→ Work instruction
Once the pictures are removed, reproduce what is left of the data below exactly.

Extracted records:
___
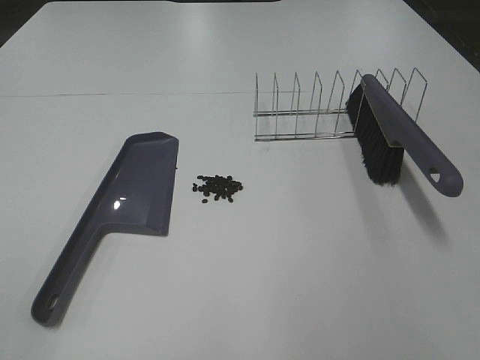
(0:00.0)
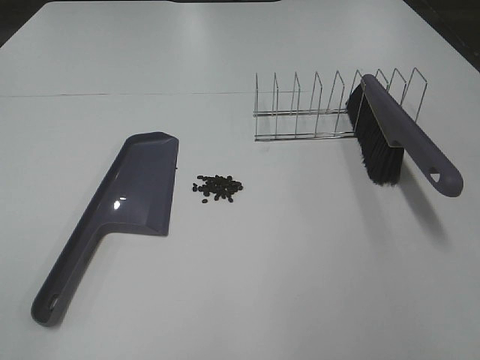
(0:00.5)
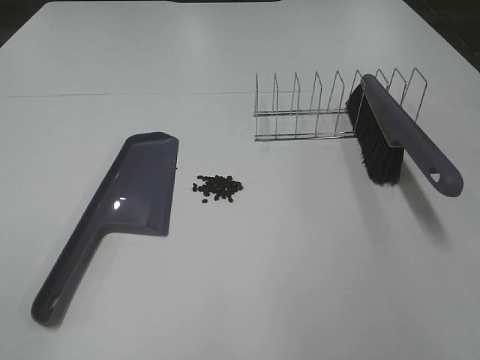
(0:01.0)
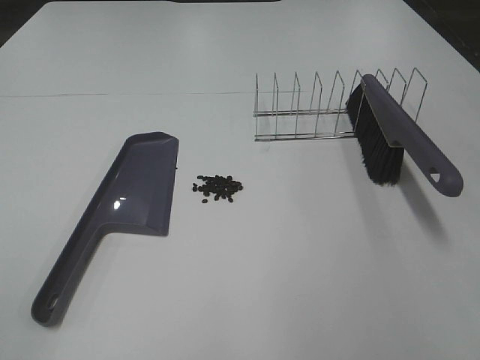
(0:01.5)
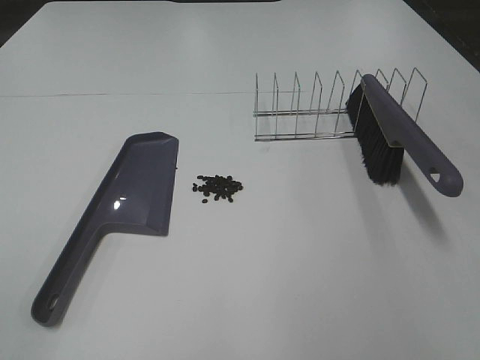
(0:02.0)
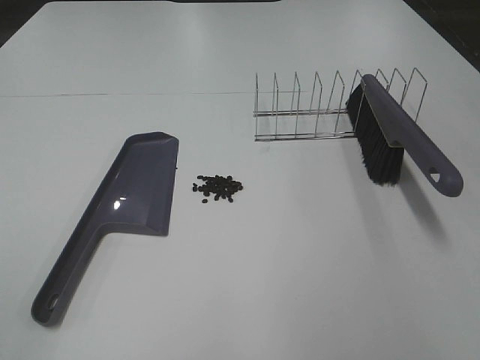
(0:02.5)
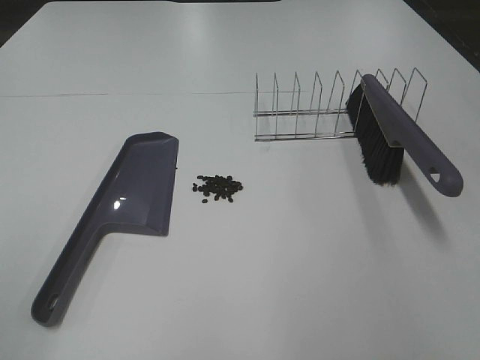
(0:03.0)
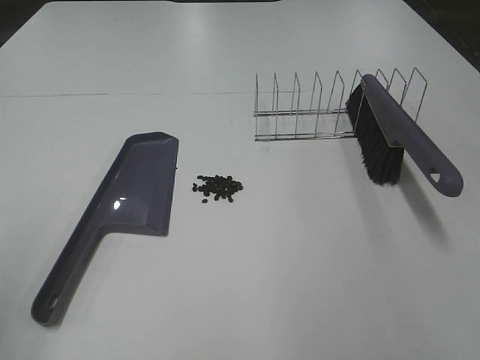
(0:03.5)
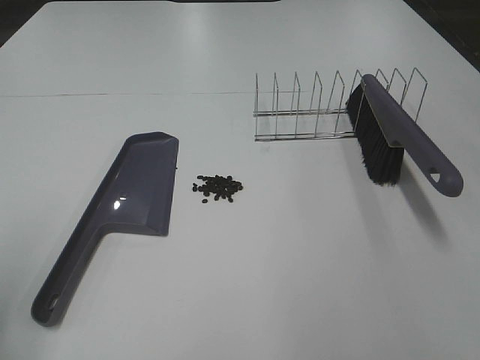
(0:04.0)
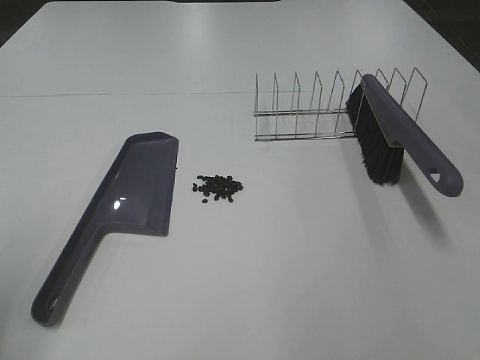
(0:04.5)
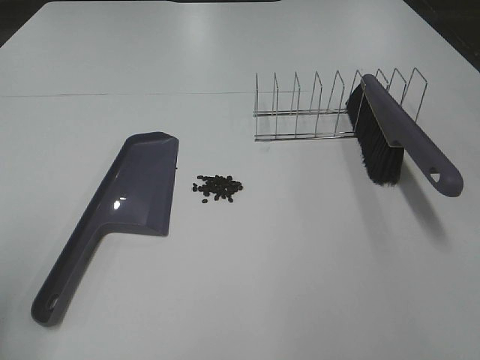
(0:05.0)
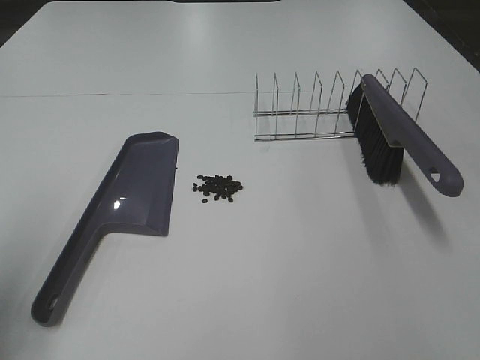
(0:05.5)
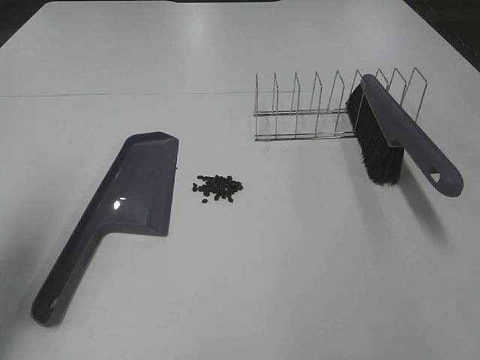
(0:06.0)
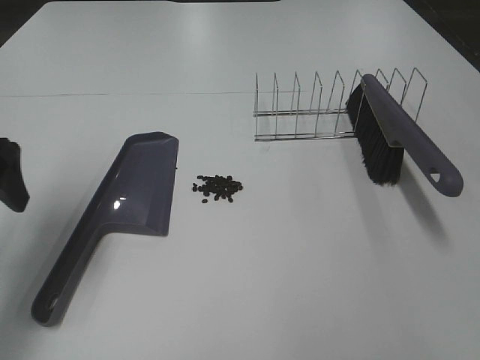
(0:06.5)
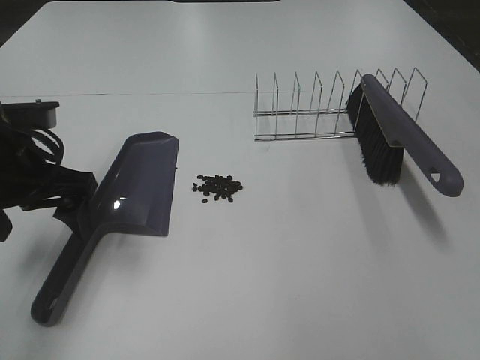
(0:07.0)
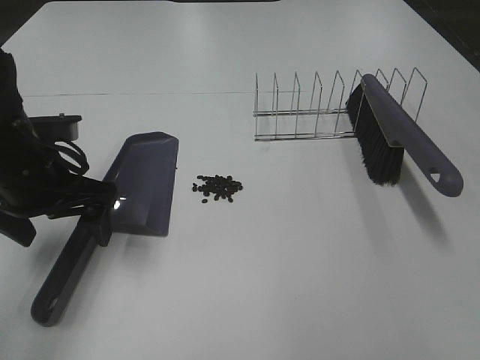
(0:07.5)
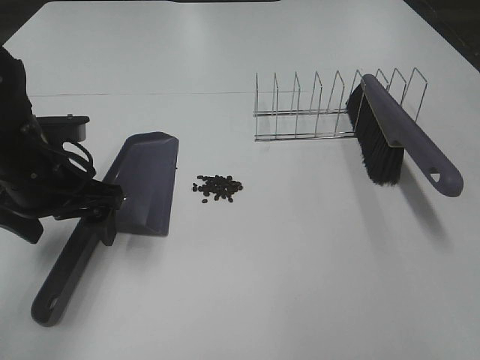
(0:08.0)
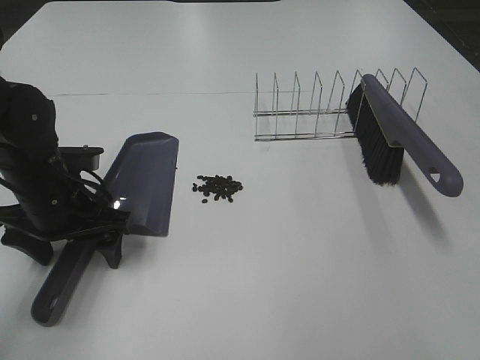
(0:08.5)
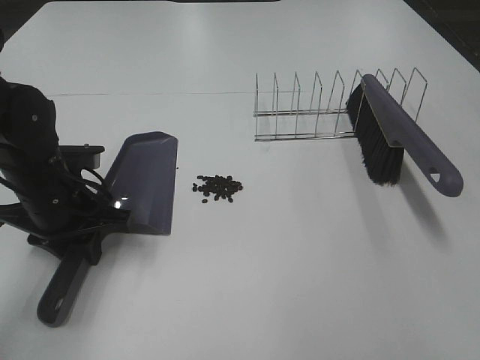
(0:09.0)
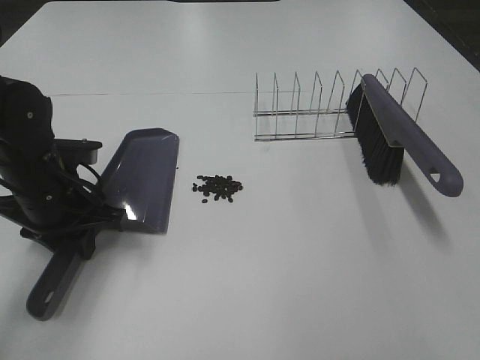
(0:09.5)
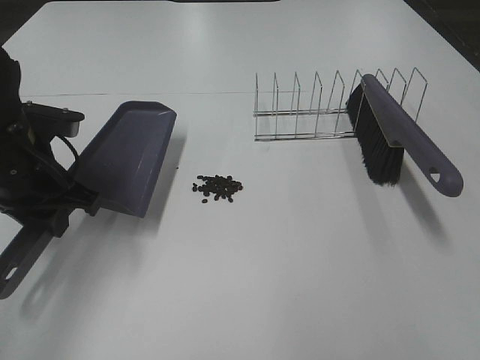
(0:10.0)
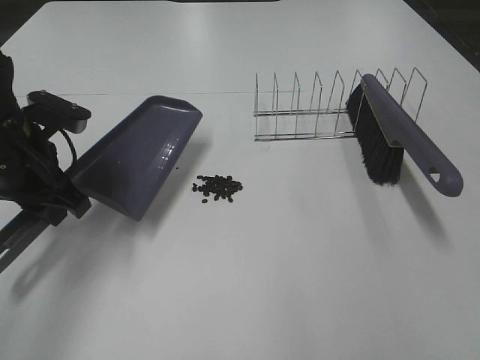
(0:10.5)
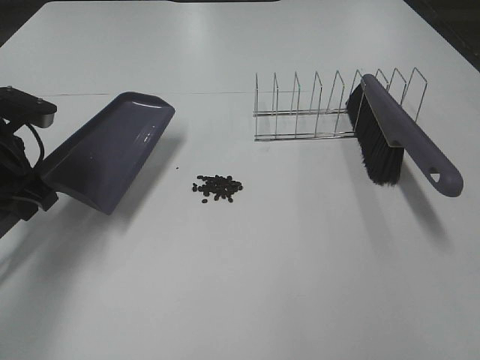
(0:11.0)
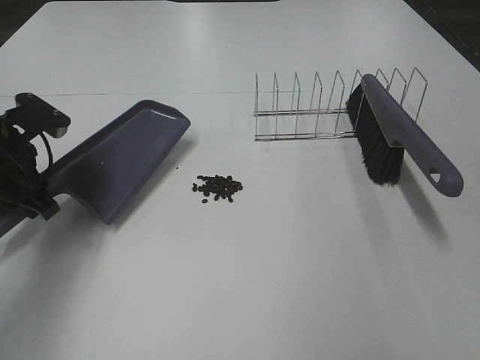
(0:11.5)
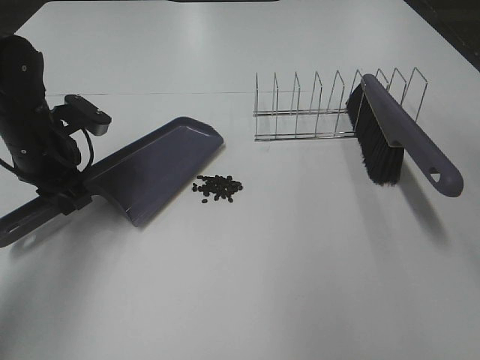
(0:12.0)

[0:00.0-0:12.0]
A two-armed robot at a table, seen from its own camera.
___
→ Result
(0:00.0)
(0:00.5)
(0:01.0)
(0:01.5)
(0:02.0)
(0:02.5)
(0:03.0)
(0:03.5)
(0:04.0)
(0:04.5)
(0:05.0)
(0:05.5)
(0:06.0)
(0:06.5)
(0:07.0)
(0:07.5)
(0:08.0)
(0:08.5)
(0:09.0)
(0:09.5)
(0:10.0)
(0:10.5)
(0:11.0)
(0:11.5)
(0:12.0)

[0:00.0-0:12.0]
A two-armed robot at a table, seen from its own camera.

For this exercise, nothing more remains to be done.